Pearson Correlation Coefficient Calculator Examples

Karl Pearson's Correlation Coefficient

Let $(x_i, y_i), i=1,2, \cdots , n$ be $n$ pairs of observations then the Karl Pearson's coefficient of correlation between two variables $X$ and $Y$ is denoted by $r_{xy}$ or $r$ and is given by

$r = \dfrac{Cov(X,Y)}{\sqrt{Var(X) Var(Y)}}$

where

$$ \begin{aligned} Cov(x,y) =s_{xy}&=\frac{1}{n-1}\sum_{i=1}^{n}(x_i -\overline{x})(y_i-\overline{y})\\ &= \frac{1}{n-1}\bigg(\sum_{i=1}^n x_iy_i - \frac{(\sum_{i=1}^n x_i)(\sum_{i=1}^n y_i)}{n}\bigg) \end{aligned} $$

  • the sample variance of $x$ is

$$ \begin{aligned} V(x) =s_{x}^2 &=\frac{1}{n-1}\sum_{i=1}^{n}(x_i -\overline{x})^2\\ &= \frac{1}{n-1}\bigg(\sum_{i=1}^n x_i^2 - \frac{(\sum_{i=1}^n x_i)^2}{n}\bigg) \end{aligned} $$

  • the sample variance of $y$ is

$$ \begin{aligned} V(y) =s_{y}^2 &=\frac{1}{n-1}\sum_{i=1}^{n}(y_i -\overline{y})^2\\ &= \frac{1}{n-1}\bigg(\sum_{i=1}^n y_i^2 - \frac{(\sum_{i=1}^n y_i)^2}{n}\bigg) \end{aligned} $$

  • the sample mean of $x$ is

$$ \begin{aligned} \overline{x}&=\frac{1}{n}\sum_{i=1}^n x_i \end{aligned} $$

  • the sample mean of $y$ is

$$ \begin{aligned} \overline{y}&=\frac{1}{n}\sum_{i=1}^n y_i \end{aligned} $$

Thus,
$$ \begin{aligned} r_{xy}&=\dfrac{s_{xy}}{s_x\cdot s_y} \end{aligned} $$

The correlation coefficient $r$ can not exceed unity numerically. i.e. $|r|\leq 1 \implies -1 \leq r \leq +1$.
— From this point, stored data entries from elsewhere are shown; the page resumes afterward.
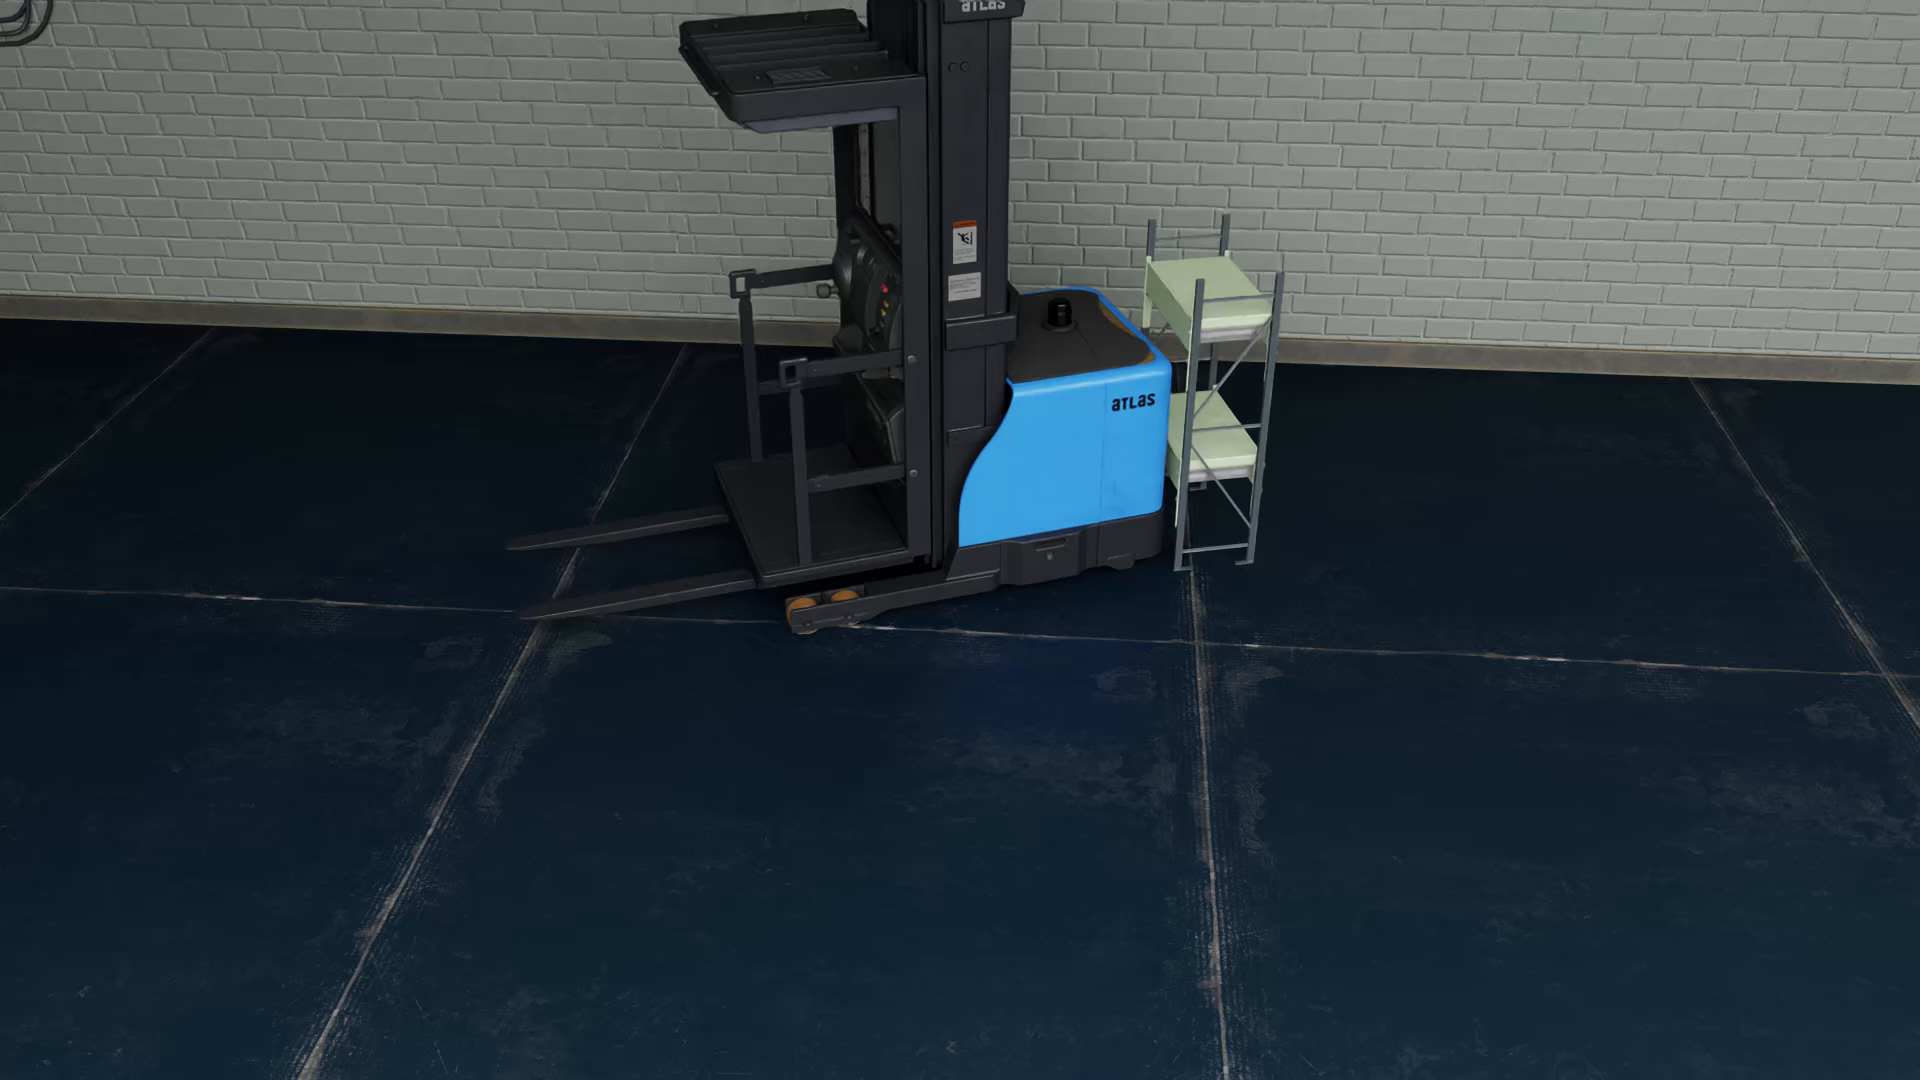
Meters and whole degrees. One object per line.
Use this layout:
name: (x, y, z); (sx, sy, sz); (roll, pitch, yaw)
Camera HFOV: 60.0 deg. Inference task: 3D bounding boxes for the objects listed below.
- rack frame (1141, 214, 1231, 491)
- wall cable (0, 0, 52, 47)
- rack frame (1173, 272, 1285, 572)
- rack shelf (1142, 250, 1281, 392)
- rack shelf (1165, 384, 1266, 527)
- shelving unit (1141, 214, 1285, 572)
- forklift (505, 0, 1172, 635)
rack frame: (1.087, -0.889, 8.263); (0.400, 1.500, 0.023); (-6, 32, -9)
wall cable: (-6.660, -3.926, 9.003); (3.097, 2.526, 0.112); (2, 32, 4)
rack frame: (1.225, -0.512, 7.651); (0.400, 1.500, 0.023); (-6, 32, -9)
rack shelf: (1.156, -1.033, 7.752); (0.431, 0.370, 0.720); (-6, 32, -9)
rack shelf: (1.156, -0.423, 8.128); (0.431, 0.370, 0.720); (-6, 32, -9)
shelving unit: (1.156, -0.700, 7.957); (0.431, 1.500, 0.755); (-6, 32, -9)
forklift: (-0.595, -1.129, 7.289); (3.031, 2.935, 1.130); (-10, 33, -16)
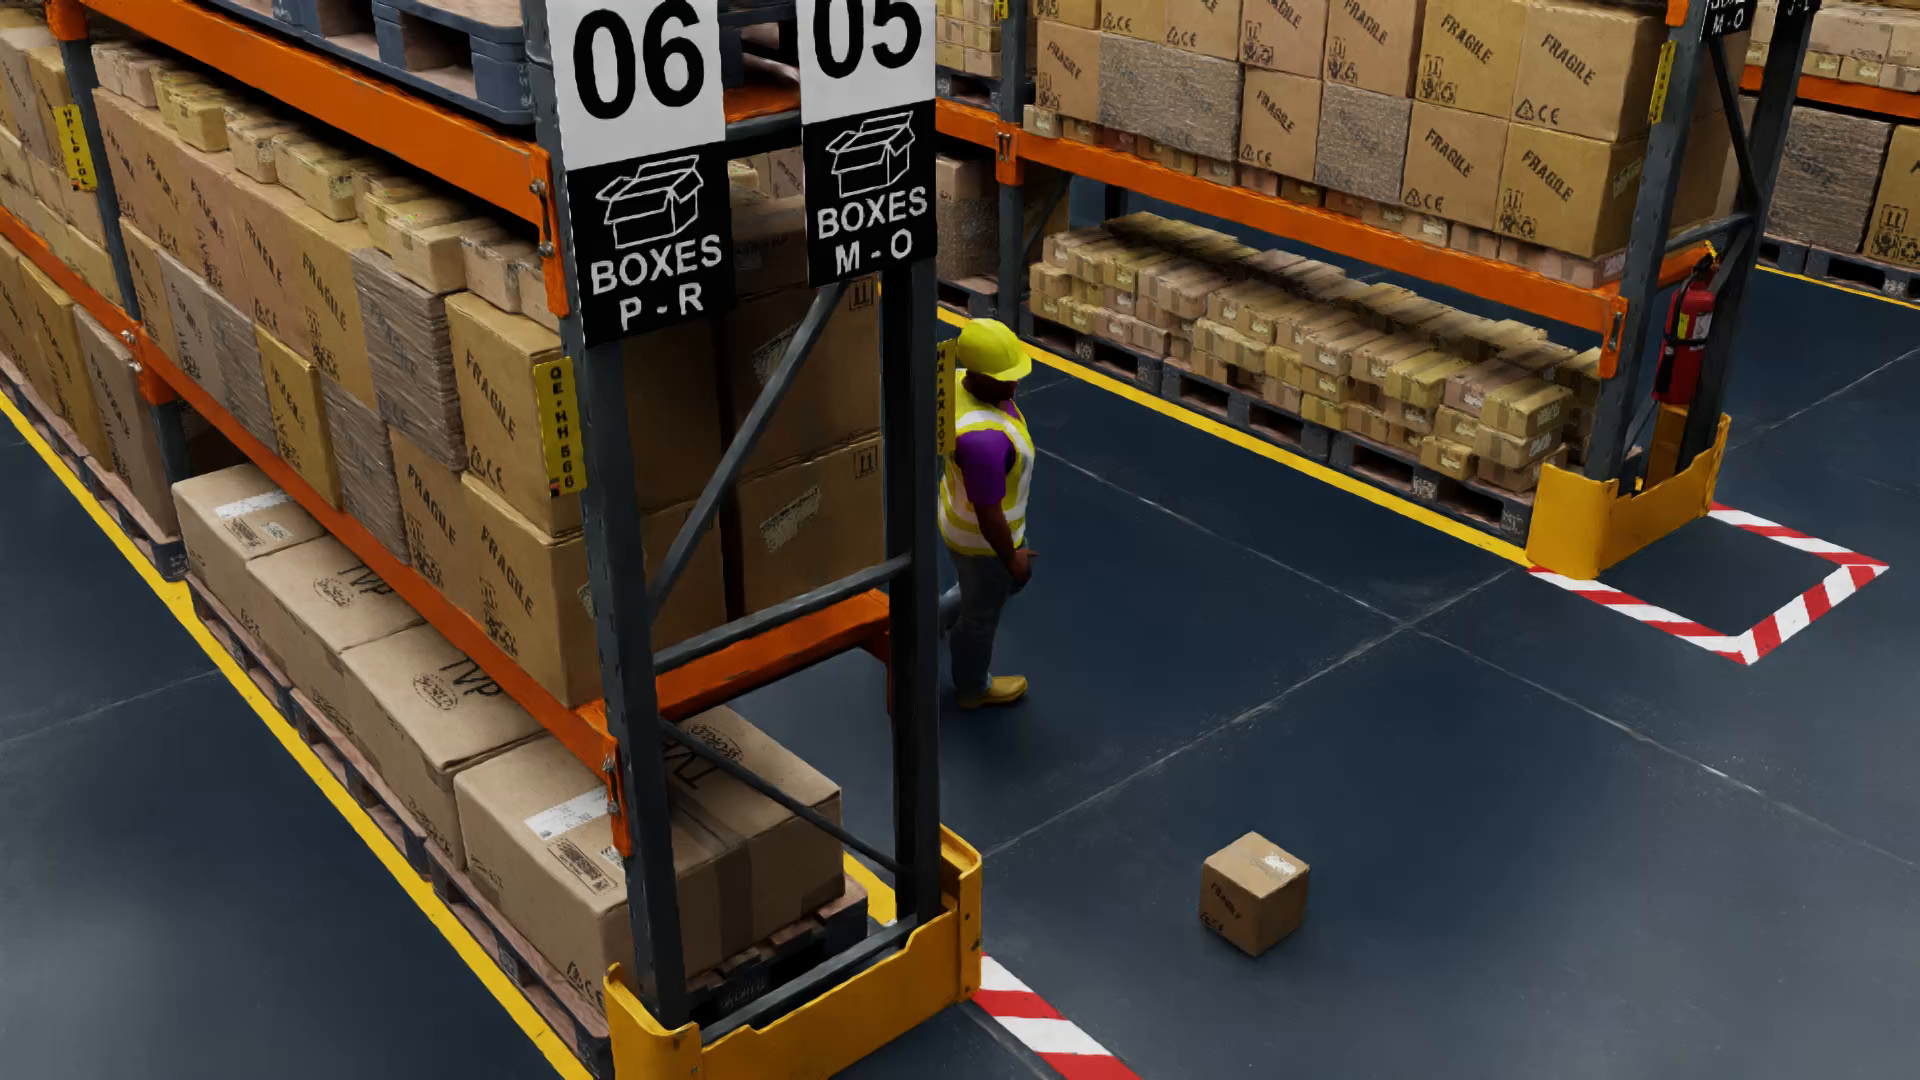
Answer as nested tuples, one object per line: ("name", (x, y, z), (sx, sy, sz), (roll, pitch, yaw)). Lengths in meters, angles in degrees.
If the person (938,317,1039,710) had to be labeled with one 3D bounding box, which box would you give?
("person", (0.059, -0.057, 6.214), (0.513, 1.745, 0.704), (-5, 28, -9))
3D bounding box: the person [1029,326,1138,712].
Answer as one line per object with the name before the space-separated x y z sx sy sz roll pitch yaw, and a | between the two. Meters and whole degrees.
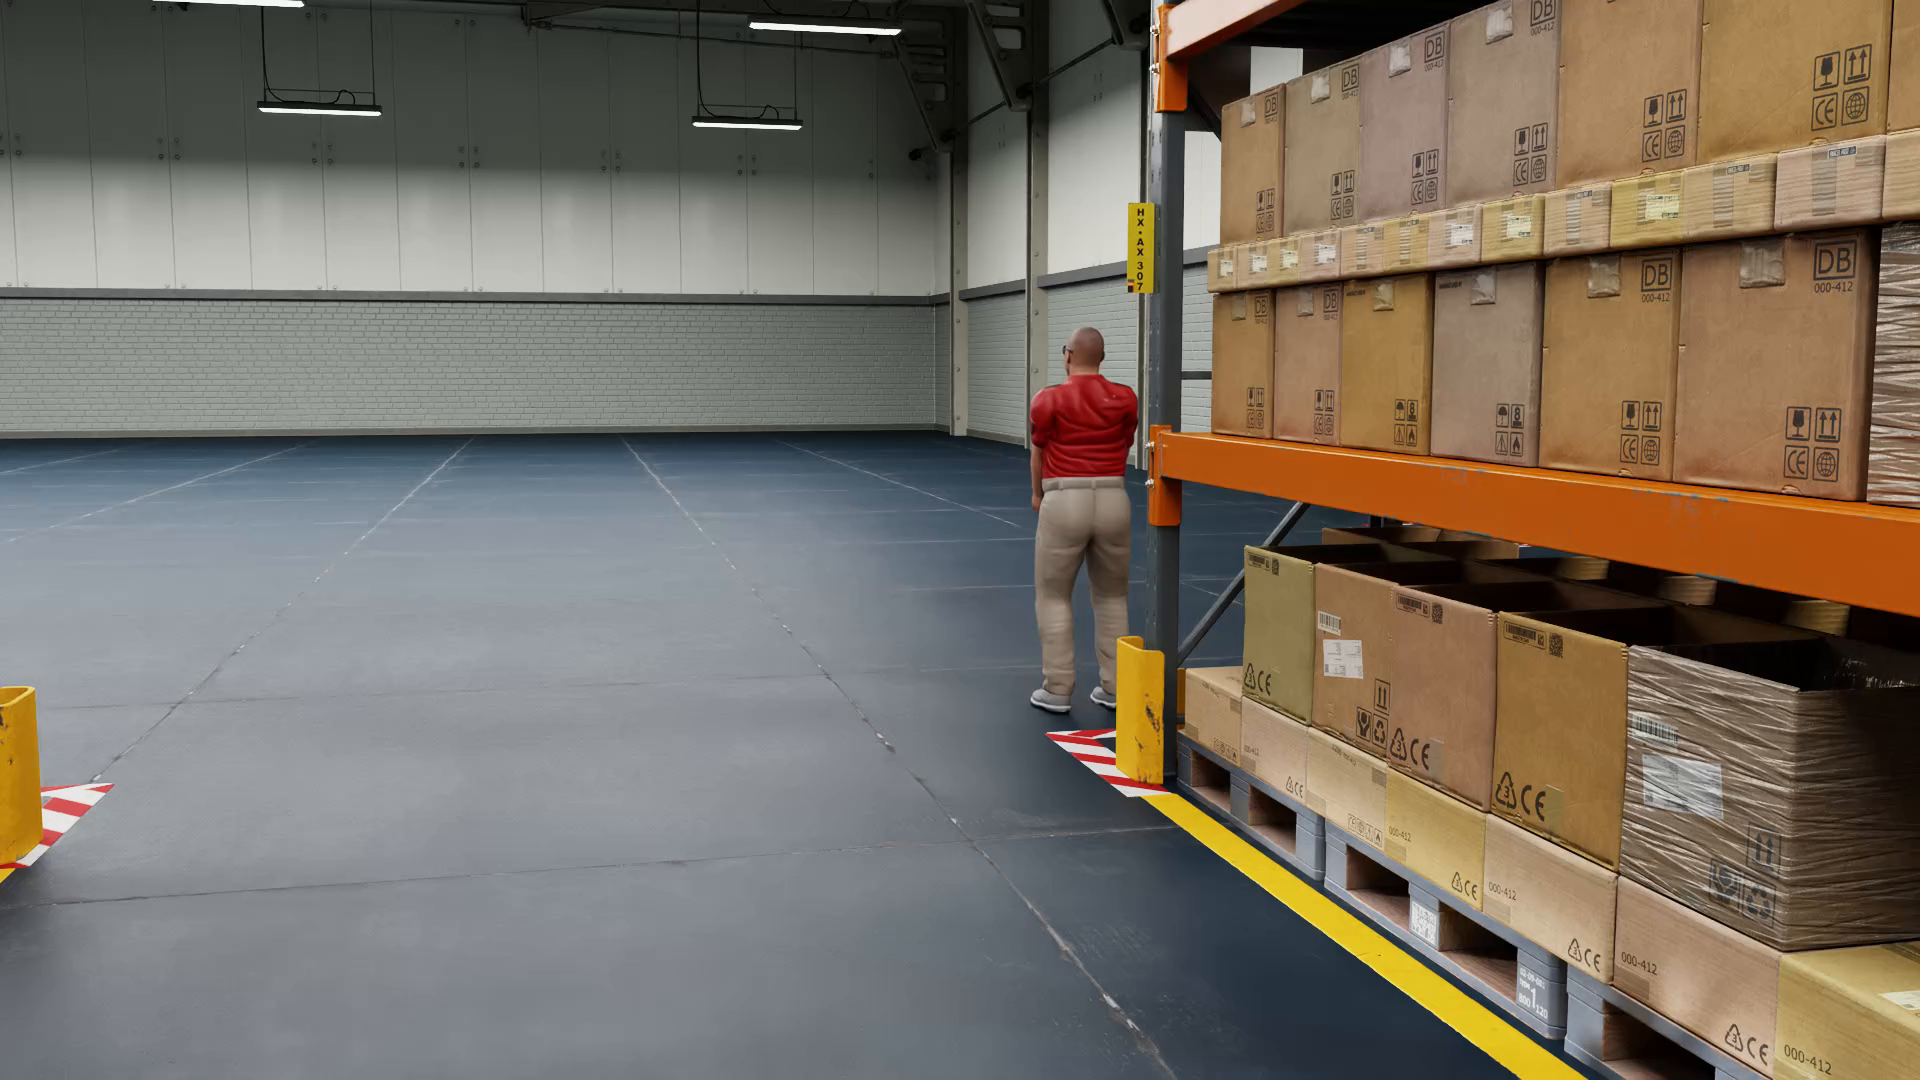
person | 0.522 -0.100 7.526 0.494 1.714 0.530 -1 6 -13
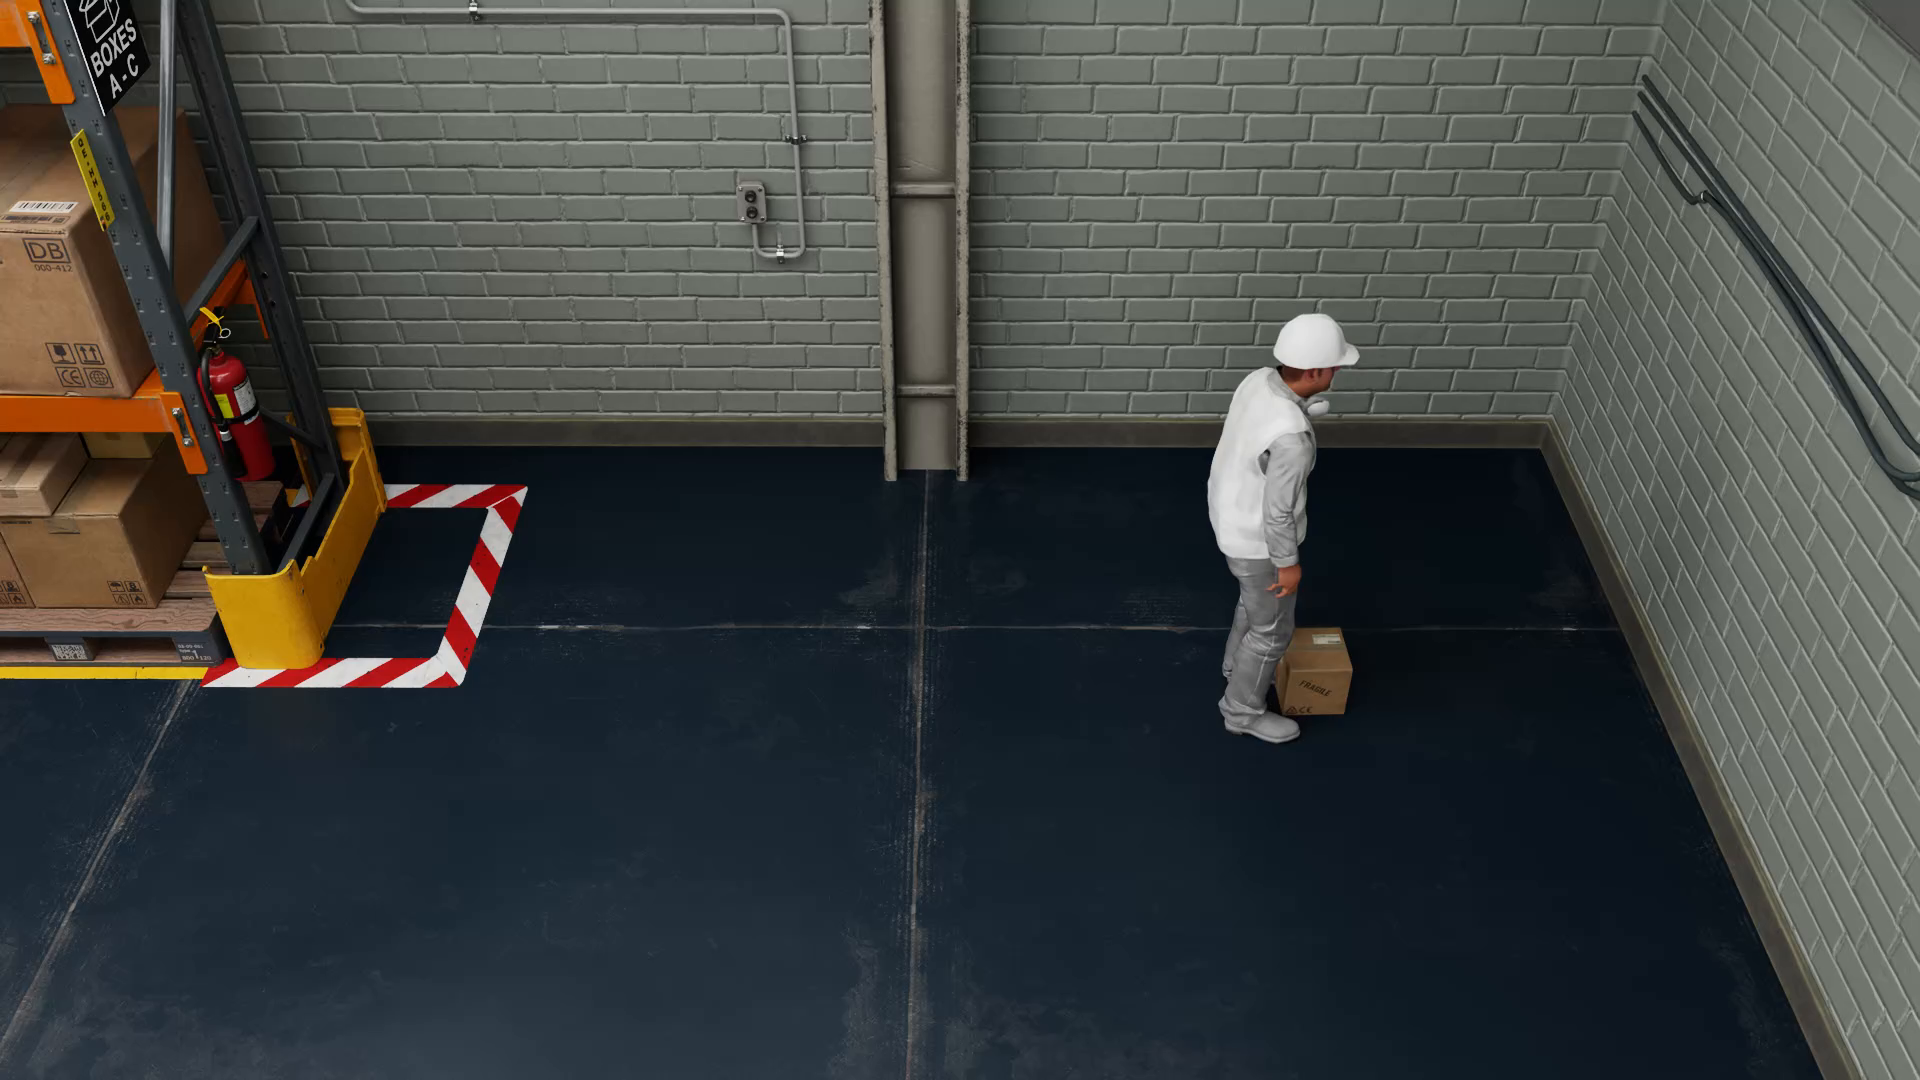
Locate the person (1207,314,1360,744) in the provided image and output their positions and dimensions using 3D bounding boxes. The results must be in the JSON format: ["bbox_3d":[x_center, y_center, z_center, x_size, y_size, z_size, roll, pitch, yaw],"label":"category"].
[{"bbox_3d":[1.156,-0.057,6.205,0.476,1.769,0.582,-2,39,-2],"label":"person"}]

Two independent variables are uncorrelated. But the converse is not necessarily true.

Interpretation

  • If $r = 0$, then there is no correlation between the ranks.
  • If $r > 0$, then there is a positive correlation between the ranks.
    • If $r = 1$, then there is a perfect positive correlation between the ranks.
    • If $0 < r < 1$, then there is a partially positive correlation between the ranks.
  • If $r < 0$, then there is a negative correlation between the ranks.
    • If $r = -1$, then there is a perfect negative correlation between the ranks.
    • If $-1 < r < 0$, then there is a partially negative correlation between the ranks.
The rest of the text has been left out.